628 µs ± 59.9 µs per loop (mean ± std. dev. of 7 runs, 1000 loops each)
79.8 µs ± 695 ns per loop (mean ± std. dev. of 7 runs, 10000 loops each)
True


What happens when we have a matrix of states? Intuition might suggest that the same trend should hold true, but it very much does not: 

In [15]:
new_state_vecs = r(n**2,n**2)

# Compute H, then Hv
%timeit tmp = np.tensordot(sigVals,sps_ham_ops,axes=1)[0]; tmp.dot(new_state_vecs)
# Compute H_jv for all j first, then dot with signal values.
%timeit tmp = np.empty(shape=(1),dtype="O"); tmp[0]=new_state_vecs; np.dot(sigVals,sps_ham_ops*tmp)[0]

# This is the odd way that is more efficient to compute these values
tmp = np.empty(shape=(1),dtype="O")
tmp[0] = new_state_vecs
cf(np.dot(sigVals,sps_ham_ops*tmp)[0],np.tensordot(sigVals,sps_ham_ops,axes=1)[0].dot(new_state_vecs))

42 ms ± 920 µs per loop (mean ± std. dev. of 7 runs, 10 loops each)
620 ms ± 5.53 ms per loop (mean ± std. dev. of 7 runs, 1 loop each)
True


In this case, it is _much_ faster to compute the Hamiltonian first, then take the dot product.
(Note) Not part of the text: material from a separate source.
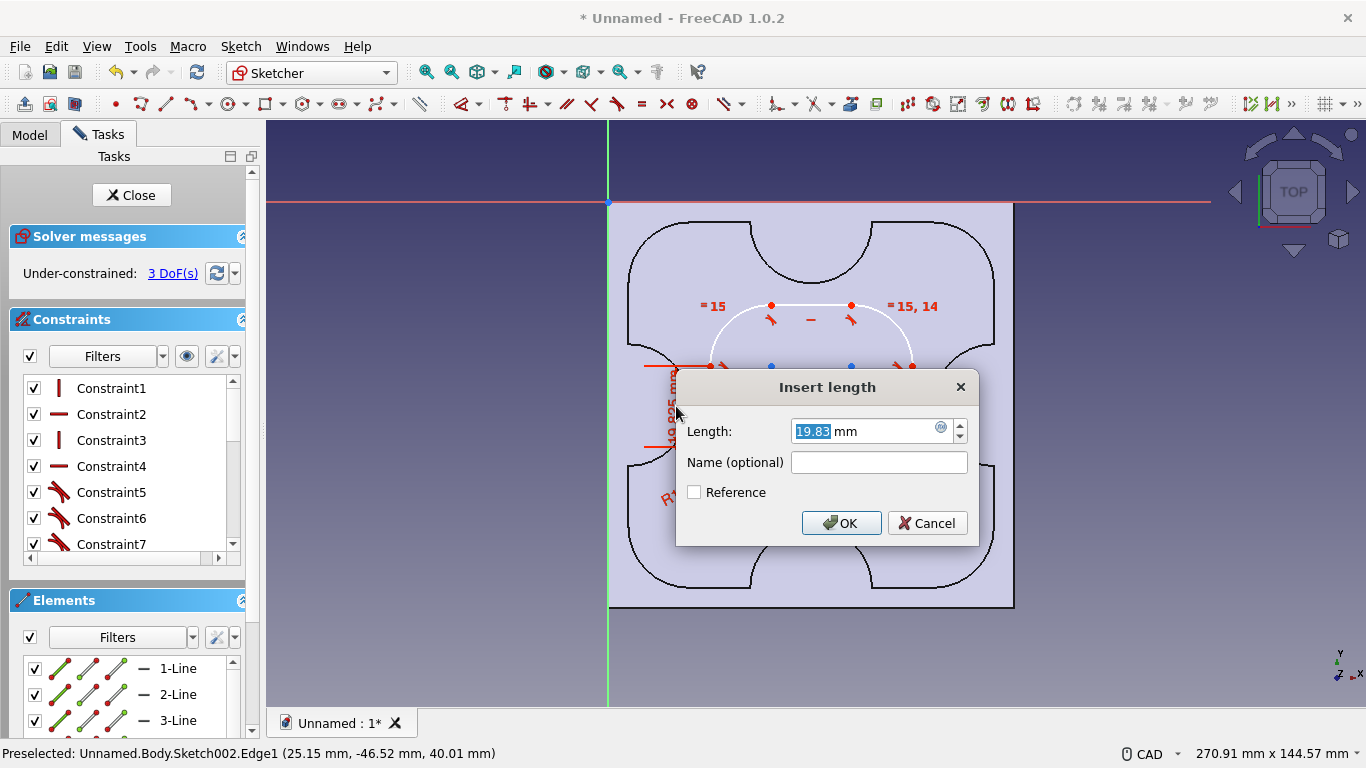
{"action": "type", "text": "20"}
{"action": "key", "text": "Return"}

Because the choice of implementation method is both significant in determining the speed of the computation and has an effectiveness that depends on whether we are evaluating matrices or single vectors, we have chosen to implement both systems, checking before doing the computation whether we're working with a vector or a matrix.